Councilman John Igliozzi, a Democrat from Ward 7, also wants cameras installed in hallways, gyms and cafeterias, “as well as in any other area where students interact with school staff,” according to a resolution he will introduce at Thursday’s council meeting.

“Every time a child wakes up and gets on a bus to go to a Providence school, they should feel safe in that environment no matter what,” Igliozzi said.

The nonbinding resolution does not include an estimate for how much it would cost to install hundreds of new cameras in Providence’s 42 public schools.

“We already have existing cameras in our schools, around the perimeters of the buildings and in the hallways,” he said. “So I’m just looking to expand the system into the cafeterias, auditoriums, and the classrooms.”

Last month an assistant principal at Central High School resigned after he was caught on video pinning a 15-year-old boy to the ground during an altercation. The boy allegedly assaulted two staff members, but the video prompted calls for the administrator to be fired.

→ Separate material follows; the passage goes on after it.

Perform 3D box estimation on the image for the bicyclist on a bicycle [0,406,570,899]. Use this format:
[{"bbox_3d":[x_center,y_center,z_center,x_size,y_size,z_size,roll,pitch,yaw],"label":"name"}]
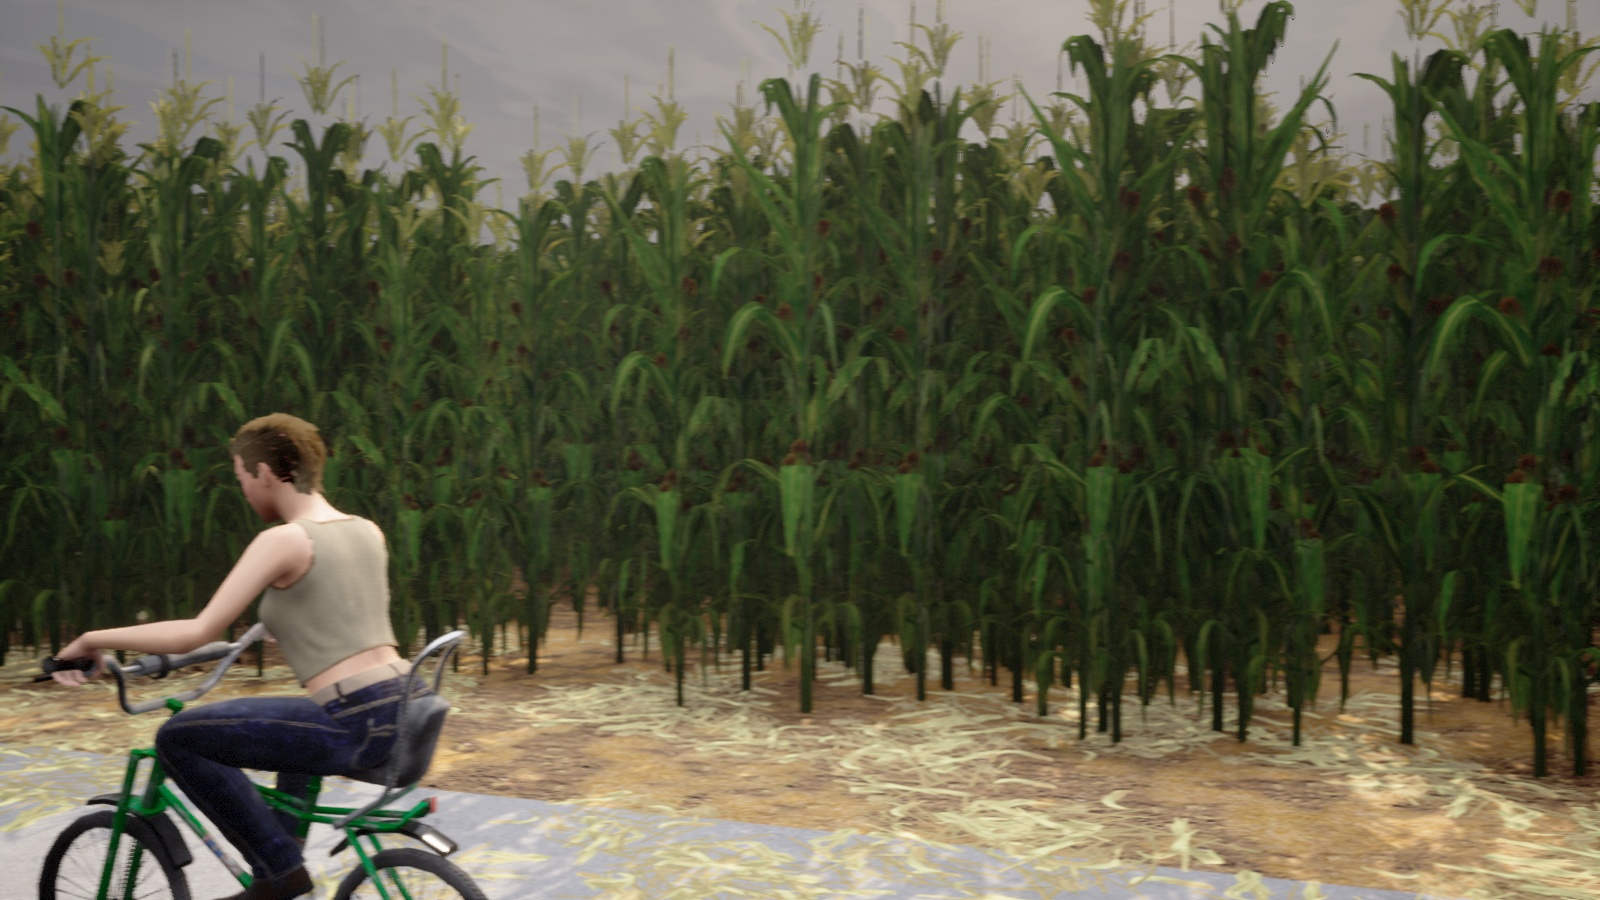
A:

“As we do not have access to students’ phones, it is important and necessary to ensure that other means are available to see the full picture of each interaction between students and school employees,” Igliozzi’s resolution states.

The resolution also points to the alleged molestation of several children at Harry Kizirian Elementary School by a physical education teacher last school year. The teacher, James Duffy, has been charged with six counts of second-degree child molestation on four 11-year-old girls.

Igliozzi’s proposal notes that most schools already have camera systems in central areas in schools and outside the school.

The Providence Teachers Union contract expired in August, but a provision in the agreement states an “inter-communication system or any audio or video recording device shall not be used for observation or evaluation.”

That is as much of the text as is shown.